I started watching Southend in 1986 and to me Paul Clark was THE abiding memory of that era. I don't know whether it was just the beard, but he seemed ferocious.

I dont really recall him being 'that' big for a centre back, but he was absolutely fearsome. Was the classic defender you love to have in your team, could read the game to give him that half a yard headstart, but no doubt on occassions would delay so he could take ball and man in one go. Every ball was attacked like it was posing a threat to his home, every attacker tackled like they had personally insulted his family. For his playing alone he should be a hall of famer.

However, his management contribution is often vastly underrated and underlooked. Has a team ever had a more disasterous start then that inflicted upon us by Dick Bate? From there he brought in the likes of Crown and Butler to keep us up. After Webb and throughout the 90's I was always surprised he was not one of the front runners for top position here, but even now on radio his passion for Southend comes through.

Paul Clark; my first Southend hero and for me worthy of the Hall of Fame.
 

Csboy

Manager
Joined
Dec 8, 2003
Messages
1,599
2nd only to Ron Pountney in terms of legendary status. Yorkshire blue has done a great job in listing all his achievements while at Southend not much more that I can add only that he also had a decent long throw on him that set up a few goals.

Has to be in the HOF, I would be very interested in hearing from the 5 people who have voted no and their reasons for voting no because I can't think of any.
 

BARNETBLUE

First XI
Joined
Mar 20, 2005
Messages
579
I saw Paul Clark from his first performances.What struck me was that at 17ish( being just under 1 year older than myself) he was already a man.Physically, and competetively, and it was clear he had something about him.It was a dissapointment that he left for Brighton, and I felt we got the poor end of the deal in Gerry Fell too!

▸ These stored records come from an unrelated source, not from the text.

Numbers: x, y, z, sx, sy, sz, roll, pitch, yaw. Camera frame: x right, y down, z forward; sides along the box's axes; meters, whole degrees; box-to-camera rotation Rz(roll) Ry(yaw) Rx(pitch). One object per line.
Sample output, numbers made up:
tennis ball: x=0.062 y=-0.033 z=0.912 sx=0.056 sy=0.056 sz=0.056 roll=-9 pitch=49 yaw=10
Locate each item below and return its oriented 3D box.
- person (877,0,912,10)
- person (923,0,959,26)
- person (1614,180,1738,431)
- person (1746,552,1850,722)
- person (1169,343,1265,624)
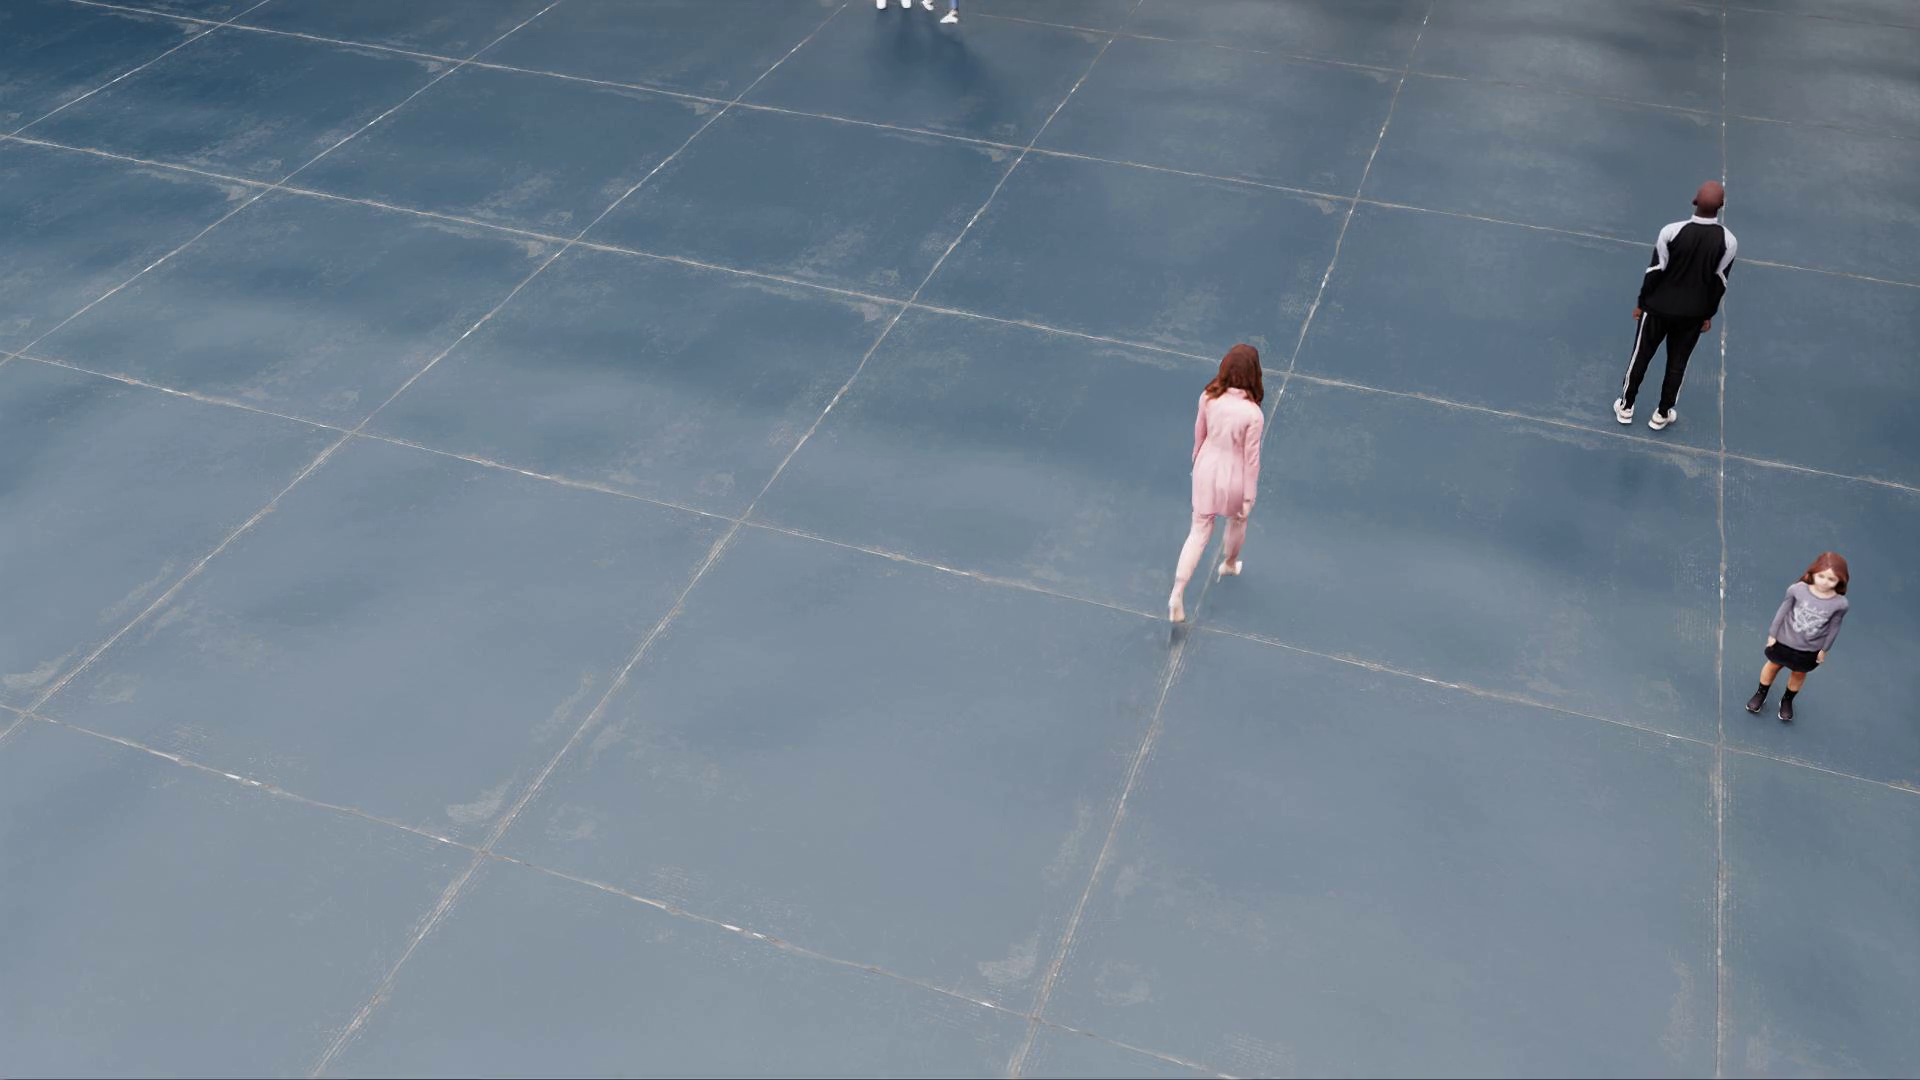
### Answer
person: x=-0.719 y=-6.475 z=17.611 sx=0.715 sy=1.632 sz=0.705 roll=-4 pitch=38 yaw=-5
person: x=-0.191 y=-6.172 z=17.134 sx=1.068 sy=1.743 sz=1.267 roll=-14 pitch=40 yaw=-18
person: x=4.811 y=-1.575 z=11.189 sx=0.655 sy=1.828 sz=0.531 roll=14 pitch=40 yaw=18
person: x=4.611 y=0.515 z=9.103 sx=0.491 sy=1.106 sz=0.473 roll=17 pitch=41 yaw=21
person: x=1.461 y=-0.280 z=9.584 sx=0.838 sy=1.766 sz=1.196 roll=23 pitch=44 yaw=27

So for me, a definate "Hall inclusion"...Thanks for the memories Viking!
 

steve54

Youth Team
Joined
Nov 23, 2005
Messages
106
anyone see the big match revisited this sunday it showed a young paul clark score for brighton v orient in a 3-3 draw.
 

OldBlueLady

Junior Blues Coordinator⭐
Joined
Dec 27, 2007
Messages
47,889
Location
Benfleet
I saw Paul Clark from his first performances.What struck me was that at 17ish( being just under 1 year older than myself) he was already a man.Physically, and competetively, and it was clear he had something about him.It was a dissapointment that he left for Brighton, and I felt we got the poor end of the deal in Gerry Fell too!

So for me, a definate "Hall inclusion"...Thanks for the memories Viking!

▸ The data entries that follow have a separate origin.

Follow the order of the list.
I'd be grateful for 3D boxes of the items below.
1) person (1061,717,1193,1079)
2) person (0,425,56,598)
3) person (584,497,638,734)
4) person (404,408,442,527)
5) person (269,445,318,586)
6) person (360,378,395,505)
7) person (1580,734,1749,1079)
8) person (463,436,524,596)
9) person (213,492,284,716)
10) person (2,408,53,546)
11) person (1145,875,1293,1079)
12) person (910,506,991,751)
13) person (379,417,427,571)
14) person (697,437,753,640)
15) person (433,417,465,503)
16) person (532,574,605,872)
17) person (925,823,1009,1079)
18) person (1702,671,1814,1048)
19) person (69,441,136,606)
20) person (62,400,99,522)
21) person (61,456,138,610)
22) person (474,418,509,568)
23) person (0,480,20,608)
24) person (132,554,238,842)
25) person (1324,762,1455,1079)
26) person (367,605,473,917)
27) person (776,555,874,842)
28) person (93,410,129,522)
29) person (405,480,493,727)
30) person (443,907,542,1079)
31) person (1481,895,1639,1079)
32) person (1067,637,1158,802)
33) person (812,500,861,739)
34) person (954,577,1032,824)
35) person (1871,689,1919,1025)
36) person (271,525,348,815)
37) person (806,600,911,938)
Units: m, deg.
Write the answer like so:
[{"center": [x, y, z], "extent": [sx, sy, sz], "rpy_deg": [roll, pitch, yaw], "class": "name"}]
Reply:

I think that's probably why I've never been able to hate Brighton as much as some do, purely because he went there.
 
Joined
Jul 12, 2005
Messages
22,733
Location
Canvey Island
I remember a match early in his career at Roots Hall against IIRC Stockport, and he was outstanding on the night, and it was obvious we had a decent player on our hands. It was obvious he had all the attributes to make it and it was no surprise when eventually a decent bid came for him, and we got Gerry Fell in part exchange.!

At he time I worked with a Brighton fan who thought he would play for England, I have an idea that he was called into U-21/23 squads, but I think injuries and possible lack of real pace put paid to his chances. He was called the Tank at Brighton.

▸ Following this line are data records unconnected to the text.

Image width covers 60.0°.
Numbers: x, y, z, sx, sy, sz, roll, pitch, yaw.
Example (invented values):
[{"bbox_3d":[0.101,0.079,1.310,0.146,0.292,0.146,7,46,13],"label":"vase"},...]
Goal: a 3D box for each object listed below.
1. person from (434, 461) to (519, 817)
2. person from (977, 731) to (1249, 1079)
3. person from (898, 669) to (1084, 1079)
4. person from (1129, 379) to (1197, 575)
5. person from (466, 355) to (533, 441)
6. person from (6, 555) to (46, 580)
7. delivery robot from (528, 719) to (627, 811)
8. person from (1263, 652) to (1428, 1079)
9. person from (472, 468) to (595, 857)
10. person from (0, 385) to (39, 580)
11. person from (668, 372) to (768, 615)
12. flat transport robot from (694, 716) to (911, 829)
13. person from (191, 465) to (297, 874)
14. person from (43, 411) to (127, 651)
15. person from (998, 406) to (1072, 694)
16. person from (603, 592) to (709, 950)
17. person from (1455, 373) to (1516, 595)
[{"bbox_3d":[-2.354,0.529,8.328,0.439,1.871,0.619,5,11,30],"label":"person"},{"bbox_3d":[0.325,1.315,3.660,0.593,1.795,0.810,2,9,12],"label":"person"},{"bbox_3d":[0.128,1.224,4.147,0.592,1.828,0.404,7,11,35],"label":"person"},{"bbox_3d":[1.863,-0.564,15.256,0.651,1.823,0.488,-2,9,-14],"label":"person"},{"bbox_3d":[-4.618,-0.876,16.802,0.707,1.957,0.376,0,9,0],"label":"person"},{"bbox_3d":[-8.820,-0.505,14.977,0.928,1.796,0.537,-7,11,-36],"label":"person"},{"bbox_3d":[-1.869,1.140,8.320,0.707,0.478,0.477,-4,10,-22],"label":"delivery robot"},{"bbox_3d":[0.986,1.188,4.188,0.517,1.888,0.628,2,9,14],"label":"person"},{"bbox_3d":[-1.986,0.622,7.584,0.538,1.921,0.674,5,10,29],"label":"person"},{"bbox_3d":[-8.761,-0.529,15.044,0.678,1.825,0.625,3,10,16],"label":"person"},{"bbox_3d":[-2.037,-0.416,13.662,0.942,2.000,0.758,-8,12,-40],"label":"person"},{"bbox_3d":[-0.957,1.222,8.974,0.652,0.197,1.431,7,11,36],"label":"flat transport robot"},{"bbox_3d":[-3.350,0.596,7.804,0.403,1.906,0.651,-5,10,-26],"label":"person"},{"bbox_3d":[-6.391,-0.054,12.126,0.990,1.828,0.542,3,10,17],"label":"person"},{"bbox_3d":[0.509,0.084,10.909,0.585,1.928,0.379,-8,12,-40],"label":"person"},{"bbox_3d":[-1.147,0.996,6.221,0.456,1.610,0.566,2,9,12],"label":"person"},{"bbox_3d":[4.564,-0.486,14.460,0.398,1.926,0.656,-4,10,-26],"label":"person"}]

It was great to see his return to Roots Hall, both as a player and manager, Clark was a true Southend stalwart and always worth a listen when he's the co commentator on BBC Essex. Not a waffler like Phillips, and I'd like to hear his views more often on the club that is at his heart.

I've no wish to indulge in a witch hunt with the dissenters but I'd be interested to hear their views as to why he shouldn't be in. Where I've voted no I have tried to give some justification rather than a no comment.

A definite for the HoF IMO.
 

Southend Neil

First XI
Joined
Nov 27, 2008
Messages
357
A yes for me because of the reasons given above. Also his management contribution at such a young age musn't be understated.

To be fair I think people may have voted no because to be honest we have had a few better defenders, however he should be in as he more than meets all the other criteria.